▸ **Aim of the task**: The result should be the lines from the one holding "For every layout" to the final line of the records, retyped exactly.

Stored dataset items:
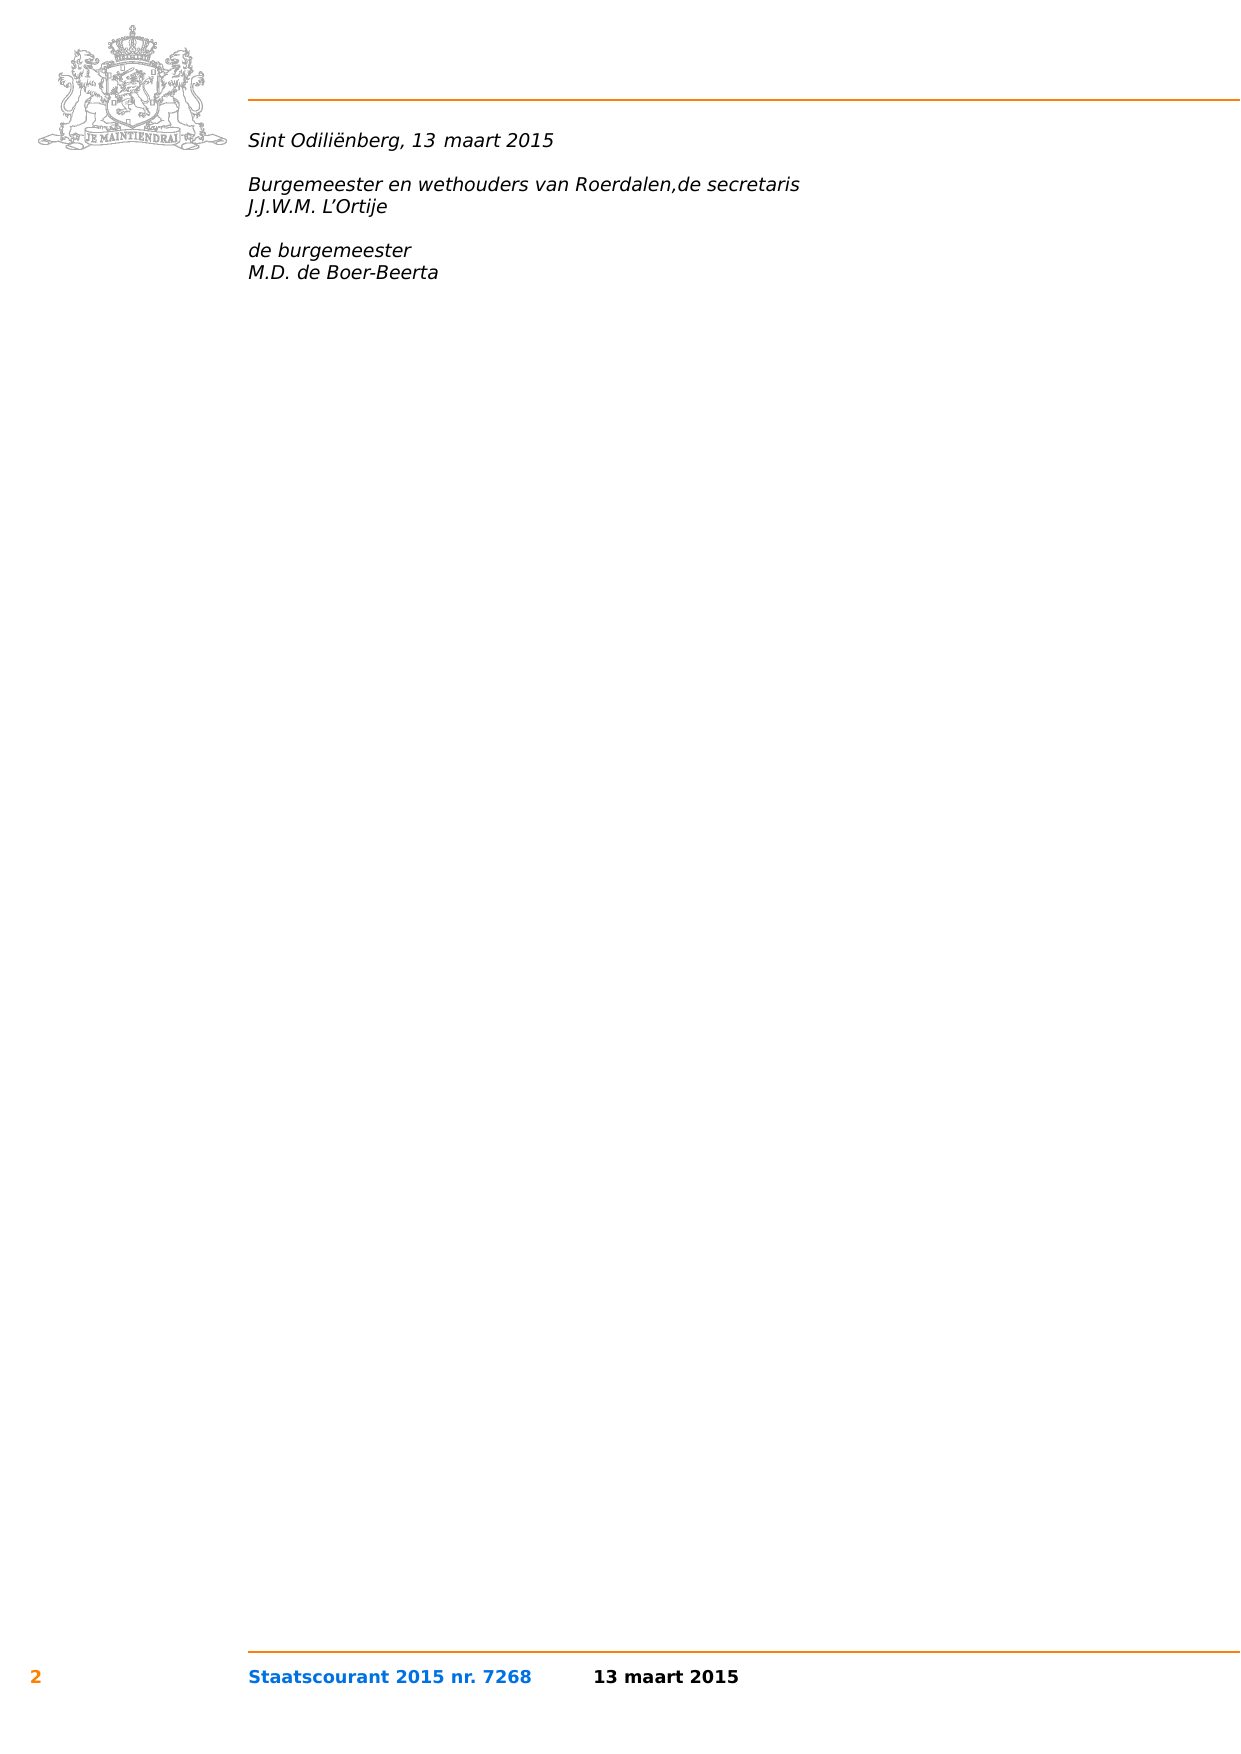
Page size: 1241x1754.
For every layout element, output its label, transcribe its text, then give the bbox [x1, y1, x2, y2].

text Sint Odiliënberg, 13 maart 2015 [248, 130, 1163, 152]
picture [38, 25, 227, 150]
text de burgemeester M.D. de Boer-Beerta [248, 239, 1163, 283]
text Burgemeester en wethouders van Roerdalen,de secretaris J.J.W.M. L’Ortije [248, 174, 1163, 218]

▸ **Answer to this exercise**:
For every layout element, output its label, transcribe its text, then give the bbox [x1, y1, x2, y2].

text Sint Odiliënberg, 13 maart 2015 [248, 130, 1163, 152]
picture [38, 25, 227, 150]
text de burgemeester M.D. de Boer-Beerta [248, 239, 1163, 283]
text Burgemeester en wethouders van Roerdalen,de secretaris J.J.W.M. L’Ortije [248, 174, 1163, 218]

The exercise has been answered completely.